De islam kent geen volledig ontwikkelde leer van verzoening. Deze doctrine betekent “een zijn” met God die onze zonden vergeeft. Vanwege deze onhelderheid, betaalt een moslim soms geld of geeft andere zaken aan de armen om vergeving van Allah te verdienen.

 Soera 2 wordt beschouwd als geopenbaard na Mohammed’s hidjra of vlucht van Mekka naar Medina in 622 na Christus. Als een moslim aan de armen geeft, zal het zijn zonden verzoenen.

2:271 Als jullie de liefdadigheid [sadaqah] openlijk geven, dan is dat best, en als jullie haar heimelijk aan de armen geven is dat beter voor jullie en het wist jullie zonden uit. (Siregar)

Dus een bemiddelde moslim kan aalmoezen (sadaqah) geven om voor zijn zonden te betalen, als hij dit aan niemand bekend maakt.

Delen van Soera 5 prepareren de moslims voor de bedevaart. Mohammed was op weg naar Mekka toen de mekkanen hem buiten hun stad tot stilstand brachten. Hij sluit een vredesverdrag met hen (in 628 na Christus), dat hij spoedig daarna verbreekt. Het volgende vers zegt dat moslims niet in de heilige gebieden mogen jagen, of wanneer zij een pelgrimskleed dragen.

5:95 O jullie die geloven! Doodt geen wild indien jullie in de gewijde staat zijn. En wie van jullie het opzettelijk doodt: dan is de vergelding … Of, als Kaffârah (boetedoening), het voeden van de armen (Siregar)

Geven aan de armen is positief. Maar het altijd riskant voor iedere gelovige om voor je zonden te betalen. Hoeveel is genoeg? Het doet Allah voorkomen alsof hij kan worden gekocht of omgekocht. In bijbels christendom, koopt Jezus zelf de redding van zijn volgelingen met zijn dood op het kruis. Hun verzoening hangt niet van henzelf af, en zeker niet van materiële rijkdom of het gebrek daaraan. Voor christenen die de bijbel kennen, is het kopen van Gods vergiffenis met geld verkeerd en het voelt onrein aan. Het beledigt Christus’ kruisiging—die werkelijk plaatsvond—en het doet het vergieten van zijn bloed teniet.

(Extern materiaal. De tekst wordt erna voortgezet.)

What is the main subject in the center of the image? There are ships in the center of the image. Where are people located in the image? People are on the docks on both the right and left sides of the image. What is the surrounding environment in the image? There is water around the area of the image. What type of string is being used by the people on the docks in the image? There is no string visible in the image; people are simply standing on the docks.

Het kopen van bekeerlingen

Soera 8:1 en 41 gaan over Mohammeds overwinning bij de slag van Badr (624 na Christus), waarbij hij een reusachtig bedrag veroverde als oorlogsbuit op een grote Mekkaanse karavaan. Sommigen klagen over zijn verdeling van het geld. Hij vertelt hen wie de baas is. Hij mag twintig procent houden, en tachtig procent onder zijn djihaadstrijders verdelen, zoals dat hem uitkomt:

8:1 Zij vragen jou (O Moehammad) over de oorlogsbuit, zeg: “De oorlogsbuit behoort aan Allah en de Boodschapper toe. Vreest dan Allah en sticht vrede onder jullie. En gehoorzaamt Allah en Zijn Boodschapper, als jullie gelovigen zijn.” (Siregar)

8:41 En weet dat, wat jullie ook aan oorlogsbuit ( Ghanîmah) hebben verkregen; één vijfde deel is voor Allah en voor de Boodschapper en voor de verwanten (van de Boodschapper), en de wezen, en de armen en de reiziger (zonder proviand), als jullie in Allah geloven en in wat Wij aan Onze dienaar hebben neergezonden… (Siregar)

Het is waar dat Mohammed een gedeelte van zijn twintig procent onder de armen en behoeftigen verdeelde—per slot van rekening probeert hij een gemeenschap van moslims bij elkaar te houden. Maar soms geeft hij de veroverde schatten - waarschijnlijk de tachtig procent -  aan de niet-zo-armen-en-behoeftigen, om “mensen te winnen zodat zij moslims mogen worden”. . . (Ibn Ishaq, pag. 596).

Een betrouwbare hadieth onderschrijft Ibn Ishaq’s verhaal (of traditie) volledig:

… Toen de boodschapper van Allah... Hoenain veroverde, verdeelde hij de buit, en hij gaf aan degenen wiens harten hij wilde winnen (Moeslim, Boek 5, Nummer 2313)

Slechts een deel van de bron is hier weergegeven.